Leeds Building Society now offers up to six times income mortgages to home movers and remortgagers, but experts warn borrowers to consider affordability risks carefully
A leading mortgage lender has revealed it will now offer loans of up to six times annual income, extending this facility beyond first-time buyers to include those moving home and remortgaging. However, with inflation on the rise and government finances stretched, possibly leading to further tax increases, a mortgage broker has cautioned that this might not be an opportune moment for families to add extra financial burden.
Leeds Building Society has broadened its Income Plus product range to encompass home movers and those remortgaging, not solely first-time buyers (FTBs). These customers will now also have access to borrowing up to six times their loan-to-income (LTI) ratio instead of 5.5 times LTI.
Leeds is currently providing up to six times LTI for FTBs, home movers and remortgagers with a minimum household income of £75,000. Additionally, it will advance up to 5.5 times LTI to home movers and remortgagers earning at least £50,000 annually, and FTBs with a minimum household income of £30,000.
Leeds will extend lending up to 95% loan-to-value (LTV) for FTBs and as much as 90% LTV for home movers and remortgagers. The offering will cover new builds and self-employed applicants and will be accessible on a five-year fixed rate term.
Martese Carton, Leeds Building Society director of mortgage distribution, said: “We’ve supported members into homeownership for over 150 years, but our research shows that a significant number of recent first-time buyers expect to outgrow their homes far sooner than anticipated.
“The increasing price gap between first and second properties presents a real affordability challenge.
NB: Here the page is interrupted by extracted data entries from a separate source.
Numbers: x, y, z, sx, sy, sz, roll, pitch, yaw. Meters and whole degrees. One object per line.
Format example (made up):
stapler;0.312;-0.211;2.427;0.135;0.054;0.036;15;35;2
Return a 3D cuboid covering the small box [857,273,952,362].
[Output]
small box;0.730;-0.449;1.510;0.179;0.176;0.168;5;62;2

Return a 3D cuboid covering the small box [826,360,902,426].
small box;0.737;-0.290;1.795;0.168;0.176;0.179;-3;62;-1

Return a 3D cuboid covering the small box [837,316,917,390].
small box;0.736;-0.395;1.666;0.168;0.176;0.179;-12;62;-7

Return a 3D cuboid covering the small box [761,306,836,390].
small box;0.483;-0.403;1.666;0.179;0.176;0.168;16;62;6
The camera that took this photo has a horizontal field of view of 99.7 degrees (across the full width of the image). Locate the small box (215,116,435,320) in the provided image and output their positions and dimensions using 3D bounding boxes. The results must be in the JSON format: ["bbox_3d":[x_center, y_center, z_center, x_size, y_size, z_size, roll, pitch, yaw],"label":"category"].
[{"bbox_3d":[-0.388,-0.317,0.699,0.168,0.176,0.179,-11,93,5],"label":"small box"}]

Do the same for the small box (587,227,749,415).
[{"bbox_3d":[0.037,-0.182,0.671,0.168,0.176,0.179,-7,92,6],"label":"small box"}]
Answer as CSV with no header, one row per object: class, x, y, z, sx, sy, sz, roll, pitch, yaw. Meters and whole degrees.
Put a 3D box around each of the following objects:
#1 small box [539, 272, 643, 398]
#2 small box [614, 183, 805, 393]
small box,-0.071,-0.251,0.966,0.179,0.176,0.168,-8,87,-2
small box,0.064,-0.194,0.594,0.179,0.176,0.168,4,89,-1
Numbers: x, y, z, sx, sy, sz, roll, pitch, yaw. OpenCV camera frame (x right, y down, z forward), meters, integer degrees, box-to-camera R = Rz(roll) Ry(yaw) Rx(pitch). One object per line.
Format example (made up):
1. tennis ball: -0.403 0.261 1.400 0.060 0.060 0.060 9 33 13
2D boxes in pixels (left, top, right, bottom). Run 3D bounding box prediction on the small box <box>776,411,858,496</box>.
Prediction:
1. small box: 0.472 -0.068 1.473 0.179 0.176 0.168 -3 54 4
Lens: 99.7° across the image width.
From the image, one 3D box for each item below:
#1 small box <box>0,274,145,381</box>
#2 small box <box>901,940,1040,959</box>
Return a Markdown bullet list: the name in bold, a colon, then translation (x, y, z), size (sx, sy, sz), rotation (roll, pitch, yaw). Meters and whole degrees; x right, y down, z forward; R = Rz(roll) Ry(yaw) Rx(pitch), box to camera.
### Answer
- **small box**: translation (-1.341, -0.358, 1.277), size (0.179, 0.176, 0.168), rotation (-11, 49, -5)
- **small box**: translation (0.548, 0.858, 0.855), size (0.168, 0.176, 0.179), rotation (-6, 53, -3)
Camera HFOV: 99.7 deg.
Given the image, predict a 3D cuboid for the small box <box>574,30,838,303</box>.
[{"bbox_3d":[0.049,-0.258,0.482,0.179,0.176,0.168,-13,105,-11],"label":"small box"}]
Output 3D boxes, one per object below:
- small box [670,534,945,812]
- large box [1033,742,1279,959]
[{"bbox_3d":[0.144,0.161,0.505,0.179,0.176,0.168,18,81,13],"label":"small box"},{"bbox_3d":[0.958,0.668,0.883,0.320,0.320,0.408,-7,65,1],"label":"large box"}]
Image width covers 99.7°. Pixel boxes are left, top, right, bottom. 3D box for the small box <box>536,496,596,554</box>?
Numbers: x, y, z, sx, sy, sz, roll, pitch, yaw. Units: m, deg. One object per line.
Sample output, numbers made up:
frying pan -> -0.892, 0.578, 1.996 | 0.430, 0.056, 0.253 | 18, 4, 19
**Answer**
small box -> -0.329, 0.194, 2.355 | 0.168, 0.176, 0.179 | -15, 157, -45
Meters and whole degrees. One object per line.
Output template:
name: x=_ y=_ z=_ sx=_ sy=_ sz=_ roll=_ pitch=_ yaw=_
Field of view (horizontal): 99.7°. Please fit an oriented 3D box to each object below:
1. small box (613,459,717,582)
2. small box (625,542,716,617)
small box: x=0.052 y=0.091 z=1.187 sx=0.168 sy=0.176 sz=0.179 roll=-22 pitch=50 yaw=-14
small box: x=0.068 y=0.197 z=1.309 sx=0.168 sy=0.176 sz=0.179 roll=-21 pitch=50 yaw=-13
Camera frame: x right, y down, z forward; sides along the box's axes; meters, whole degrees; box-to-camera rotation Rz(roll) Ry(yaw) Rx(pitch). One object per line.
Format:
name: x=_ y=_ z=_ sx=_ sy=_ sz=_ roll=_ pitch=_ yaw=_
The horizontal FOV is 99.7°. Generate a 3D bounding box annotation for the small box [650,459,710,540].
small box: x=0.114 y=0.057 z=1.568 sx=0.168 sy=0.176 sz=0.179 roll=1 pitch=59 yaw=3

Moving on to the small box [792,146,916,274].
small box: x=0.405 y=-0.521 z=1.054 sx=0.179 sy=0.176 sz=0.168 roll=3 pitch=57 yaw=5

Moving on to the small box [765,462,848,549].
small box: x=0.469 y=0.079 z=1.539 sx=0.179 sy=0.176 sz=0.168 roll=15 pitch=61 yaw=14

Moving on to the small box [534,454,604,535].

Many households need just one additional bedroom, yet the step up in price can be substantial and difficult to bridge under standard income multiples.
“By expanding our Income Plus range, we’re aiming to give next steppers greater borrowing flexibility where it’s affordable to do so, supporting more sustainable home moves and helping keep the housing market flowing.”
However, one broker has cautioned that borrowers must exercise care when stretching their borrowing capacity to the limit.
Martin Rayner, director at Compton Financial Services, a mortgage broker, said: “This is the latest example of a lender pushing affordability further, which can be great for some borrowers, but does have its risks.”
Martin noted that enhanced borrowing power could make a real difference in pricier areas of the country, but that people need to ask themselves whether they are happy to be locked in for five years.
He continued: “Yes, greater flexibility around what they can borrow will help some buyers, especially in more expensive and sought-after areas. But moving to six times income, combined with today’s higher mortgage rates due to the war in the Middle East, means significantly larger monthly repayments.
“And there’s the small matter that you are locked in for five years at a far higher rate than you could have secured just two months ago. People really do need to go into a product like this ‘eyes wide open’.
“They need to understand that early redemption charges will be payable if they need to exit the mortgage for whatever reason. Also, if the war in the Middle East ends and rates start falling again, they will have to watch on from the sidelines for the foreseeable future, as they will be locked into a far higher rate.
“I would recommend people think very carefully about this. Just because you can access six times income doesn’t mean you should – a lower mortgage may be far more sustainable.”
Martin also warned that individuals stretching their finances to the absolute limit on mortgage payments could find themselves exposed should taxes or other living expenses increase, even marginally.
He added: “Borrowers need to consider what the next five years might look like, as they will have to live with these repayments for that whole period of time. What if the Labour government increases taxes or energy bills skyrocket? Very quickly the headroom in your finances could be gone and that mortgage payment could start to feel unaffordable.
“Six times income sounds great, but your finances could be hit for six if you are impacted by costs that you cannot control. This isn’t just about getting the mortgage, it’s about being able to live with it comfortably. There’s no doubt this product will be an absolute blessing for some, but seeking advice from a broker and properly considering potential lifestyle changes with products like this has never been more important.”